*Items from a data source:*
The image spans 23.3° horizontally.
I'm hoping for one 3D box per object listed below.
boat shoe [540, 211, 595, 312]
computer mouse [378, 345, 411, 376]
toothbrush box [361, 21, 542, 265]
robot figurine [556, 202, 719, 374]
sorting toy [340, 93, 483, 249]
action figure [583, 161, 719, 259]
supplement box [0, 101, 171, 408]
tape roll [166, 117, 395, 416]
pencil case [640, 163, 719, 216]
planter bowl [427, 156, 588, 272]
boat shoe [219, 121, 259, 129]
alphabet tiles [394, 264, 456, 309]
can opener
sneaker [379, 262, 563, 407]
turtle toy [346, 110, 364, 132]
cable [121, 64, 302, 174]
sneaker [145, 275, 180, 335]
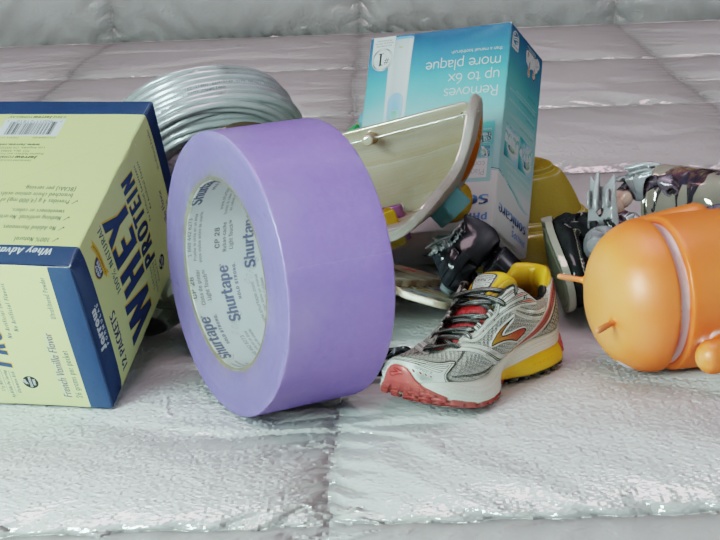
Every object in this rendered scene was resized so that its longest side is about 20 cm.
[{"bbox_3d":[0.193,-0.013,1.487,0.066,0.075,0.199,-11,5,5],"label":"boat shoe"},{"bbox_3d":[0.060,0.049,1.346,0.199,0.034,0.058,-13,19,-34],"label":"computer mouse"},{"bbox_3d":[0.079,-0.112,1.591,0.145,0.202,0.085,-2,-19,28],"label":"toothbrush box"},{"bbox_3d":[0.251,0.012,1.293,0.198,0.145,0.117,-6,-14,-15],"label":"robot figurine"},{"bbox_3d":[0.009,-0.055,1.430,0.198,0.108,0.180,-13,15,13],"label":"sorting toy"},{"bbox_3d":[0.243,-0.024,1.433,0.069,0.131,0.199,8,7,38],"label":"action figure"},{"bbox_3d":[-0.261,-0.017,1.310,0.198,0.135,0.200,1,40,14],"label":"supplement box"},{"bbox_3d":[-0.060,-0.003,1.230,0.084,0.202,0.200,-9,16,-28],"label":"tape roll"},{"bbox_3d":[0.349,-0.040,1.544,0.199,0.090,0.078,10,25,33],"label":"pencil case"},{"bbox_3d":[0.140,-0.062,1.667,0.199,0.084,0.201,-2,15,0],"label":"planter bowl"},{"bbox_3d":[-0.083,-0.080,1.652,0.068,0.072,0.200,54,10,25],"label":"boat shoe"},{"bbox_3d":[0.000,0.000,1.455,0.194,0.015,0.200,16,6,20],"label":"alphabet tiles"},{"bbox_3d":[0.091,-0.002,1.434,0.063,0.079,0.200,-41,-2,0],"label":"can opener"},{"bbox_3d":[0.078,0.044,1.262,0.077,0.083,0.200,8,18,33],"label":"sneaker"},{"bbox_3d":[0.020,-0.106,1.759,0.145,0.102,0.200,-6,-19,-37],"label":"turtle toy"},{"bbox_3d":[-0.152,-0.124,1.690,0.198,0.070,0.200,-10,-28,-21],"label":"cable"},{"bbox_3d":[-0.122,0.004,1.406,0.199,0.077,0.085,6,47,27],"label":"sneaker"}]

*WHAT TO DO:*
The line above containing "toothbrush box [361, 21, 542, 265]", the line containing "boat shoe [219, 121, 259, 129]", and every line between them are to be transcribed exactly; no other line is wanted.

*REPLY TO THE EXERCISE:*
toothbrush box [361, 21, 542, 265]
robot figurine [556, 202, 719, 374]
sorting toy [340, 93, 483, 249]
action figure [583, 161, 719, 259]
supplement box [0, 101, 171, 408]
tape roll [166, 117, 395, 416]
pencil case [640, 163, 719, 216]
planter bowl [427, 156, 588, 272]
boat shoe [219, 121, 259, 129]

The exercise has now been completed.